*** SUPPLIED ENTRIES Section Begins ***

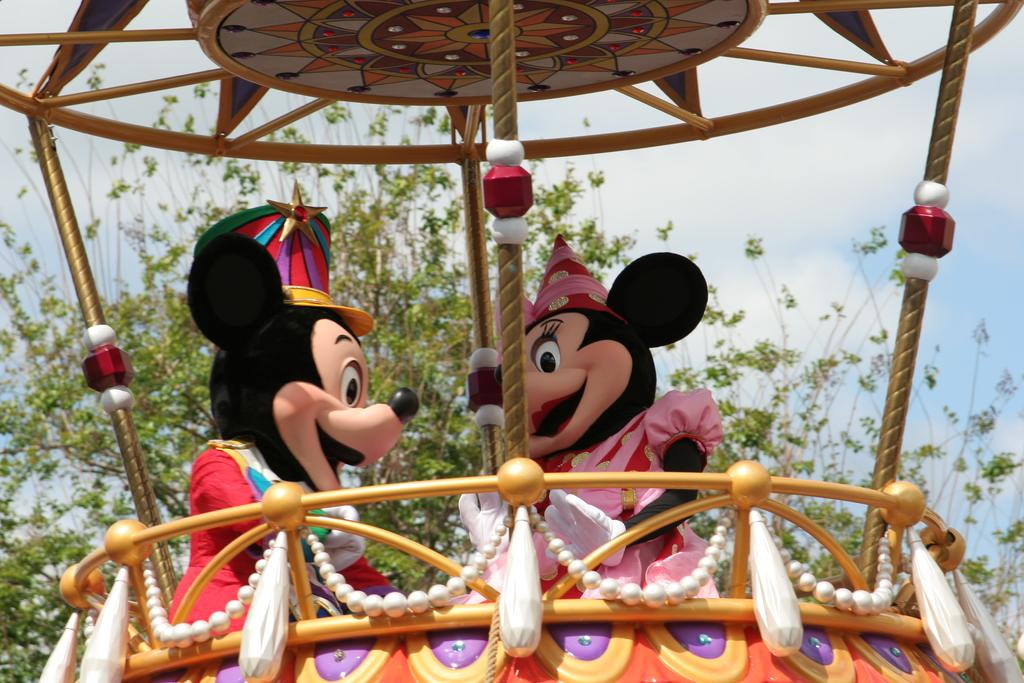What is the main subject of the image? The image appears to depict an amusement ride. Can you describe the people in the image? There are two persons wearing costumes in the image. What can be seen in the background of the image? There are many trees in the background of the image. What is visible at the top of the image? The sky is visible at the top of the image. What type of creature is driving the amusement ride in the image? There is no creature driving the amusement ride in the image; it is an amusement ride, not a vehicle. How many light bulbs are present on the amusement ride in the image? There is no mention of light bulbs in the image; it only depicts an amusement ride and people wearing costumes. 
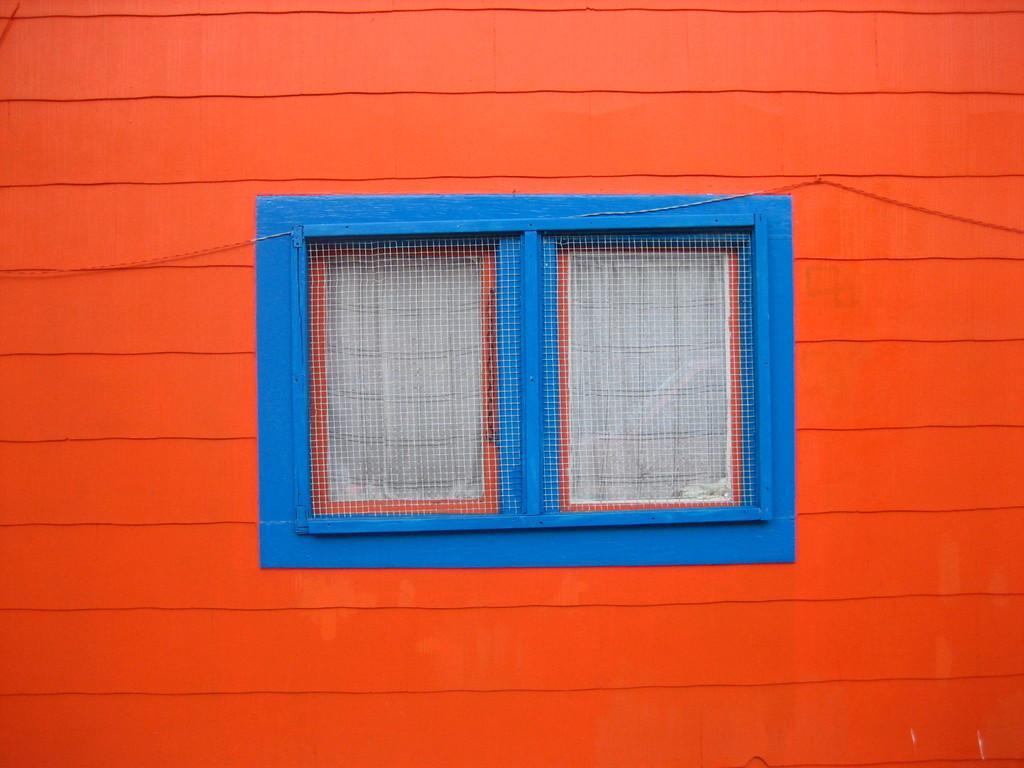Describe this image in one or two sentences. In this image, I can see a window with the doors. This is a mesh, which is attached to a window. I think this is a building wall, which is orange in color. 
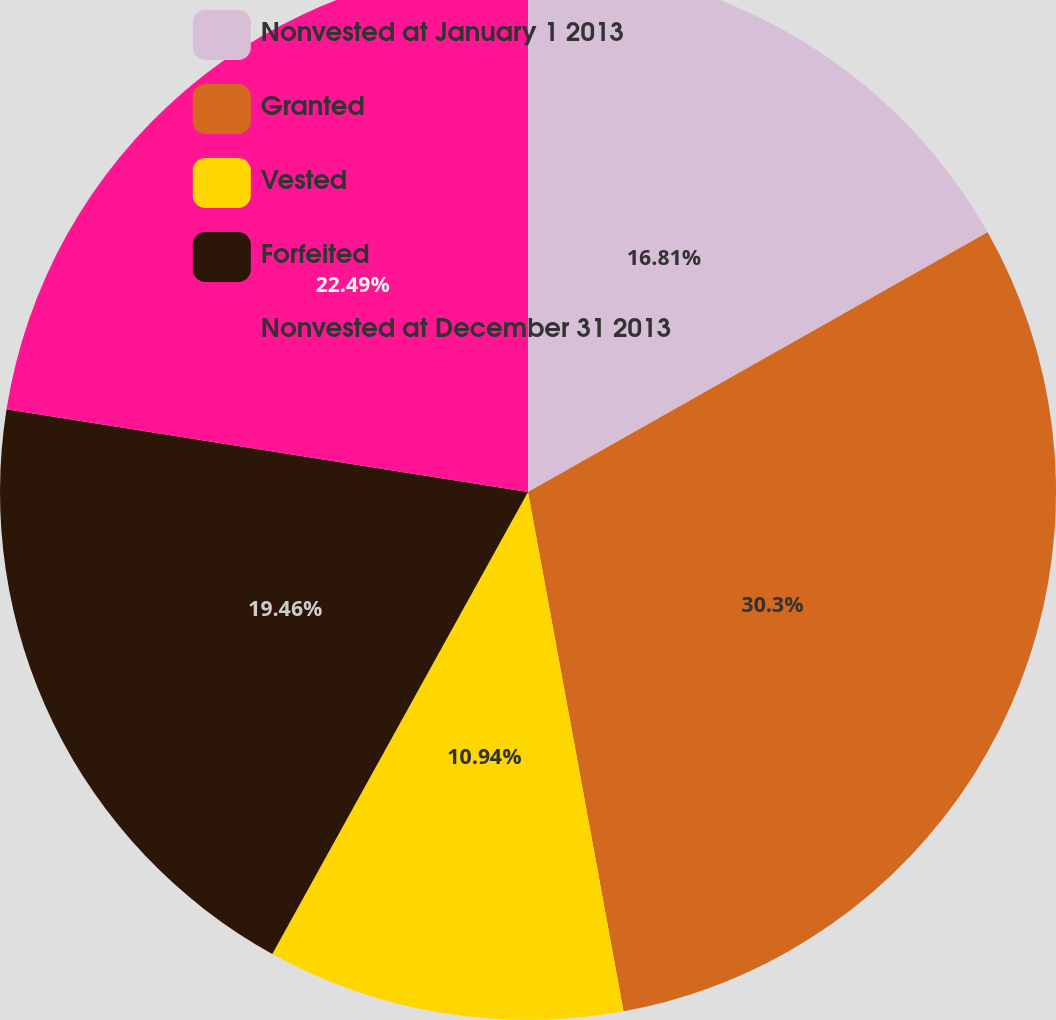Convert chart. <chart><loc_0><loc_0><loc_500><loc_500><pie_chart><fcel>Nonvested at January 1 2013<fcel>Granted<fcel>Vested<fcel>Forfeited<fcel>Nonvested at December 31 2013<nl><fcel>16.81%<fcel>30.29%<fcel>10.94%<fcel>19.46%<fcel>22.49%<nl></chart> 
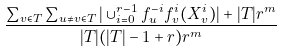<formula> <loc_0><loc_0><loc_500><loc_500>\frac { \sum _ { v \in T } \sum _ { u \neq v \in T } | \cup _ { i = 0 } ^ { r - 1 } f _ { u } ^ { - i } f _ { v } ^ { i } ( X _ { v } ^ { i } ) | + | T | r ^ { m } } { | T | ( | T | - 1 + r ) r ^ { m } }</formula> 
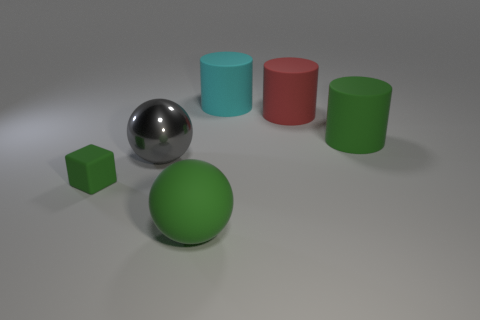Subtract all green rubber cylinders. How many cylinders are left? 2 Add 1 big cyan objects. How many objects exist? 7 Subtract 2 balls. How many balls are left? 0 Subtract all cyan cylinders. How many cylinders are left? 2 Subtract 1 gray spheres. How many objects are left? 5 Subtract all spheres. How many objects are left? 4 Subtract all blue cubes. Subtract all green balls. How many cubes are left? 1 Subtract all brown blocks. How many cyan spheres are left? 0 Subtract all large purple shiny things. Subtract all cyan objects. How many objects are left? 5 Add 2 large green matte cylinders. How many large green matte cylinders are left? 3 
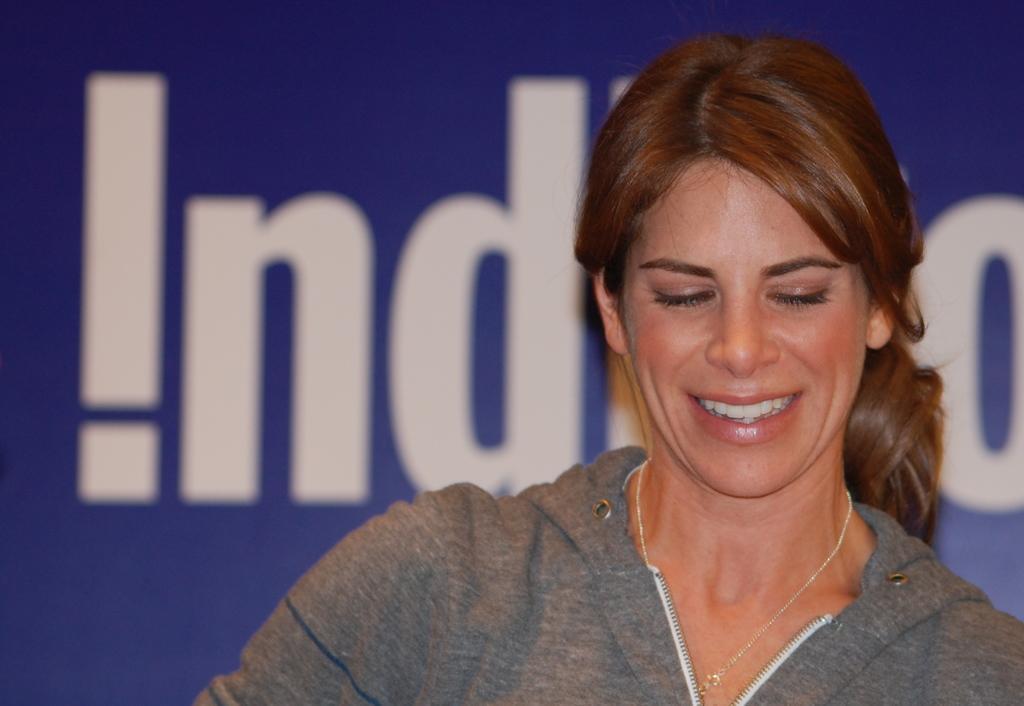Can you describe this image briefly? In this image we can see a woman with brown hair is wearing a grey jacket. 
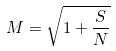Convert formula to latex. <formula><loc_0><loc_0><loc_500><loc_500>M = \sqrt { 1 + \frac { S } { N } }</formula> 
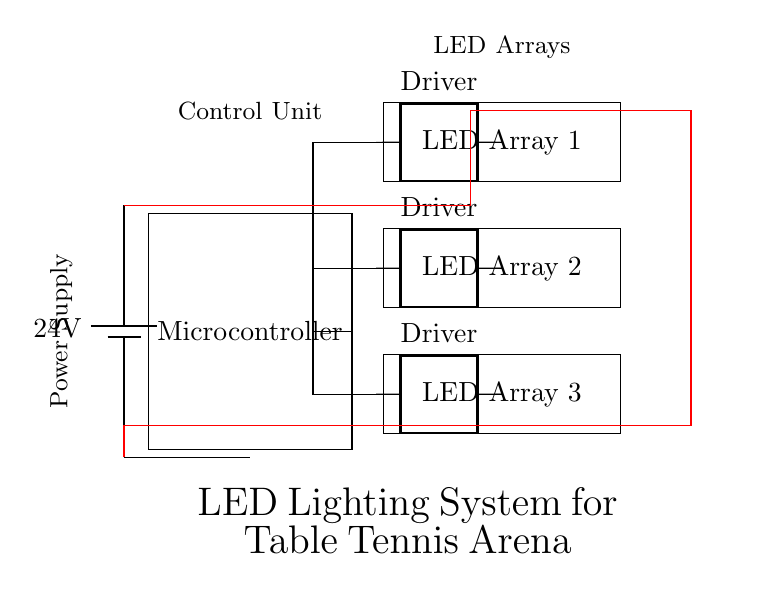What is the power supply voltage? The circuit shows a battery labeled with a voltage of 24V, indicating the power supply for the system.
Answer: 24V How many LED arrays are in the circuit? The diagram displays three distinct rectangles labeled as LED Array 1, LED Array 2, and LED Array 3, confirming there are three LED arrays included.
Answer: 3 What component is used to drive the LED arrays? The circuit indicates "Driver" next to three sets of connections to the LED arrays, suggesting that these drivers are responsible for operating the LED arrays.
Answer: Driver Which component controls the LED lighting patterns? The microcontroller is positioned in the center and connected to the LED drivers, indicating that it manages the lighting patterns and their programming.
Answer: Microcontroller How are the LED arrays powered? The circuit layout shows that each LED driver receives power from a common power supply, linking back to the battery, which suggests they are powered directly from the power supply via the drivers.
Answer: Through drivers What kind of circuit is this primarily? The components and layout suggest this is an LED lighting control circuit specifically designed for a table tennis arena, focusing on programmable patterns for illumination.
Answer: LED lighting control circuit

*** SUPPLIED ENTRIES Section Ends ***

> **TO DO**:
If a line in the records contains the string "that", copy it out.

> **EXPECTED ANSWER**:
Answer: 3 What component is used to drive the LED arrays? The circuit indicates "Driver" next to three sets of connections to the LED arrays, suggesting that these drivers are responsible for operating the LED arrays.
Answer: Driver Which component controls the LED lighting patterns? The microcontroller is positioned in the center and connected to the LED drivers, indicating that it manages the lighting patterns and their programming.
Answer: Microcontroller How are the LED arrays powered? The circuit layout shows that each LED driver receives power from a common power supply, linking back to the battery, which suggests they are powered directly from the power supply via the drivers.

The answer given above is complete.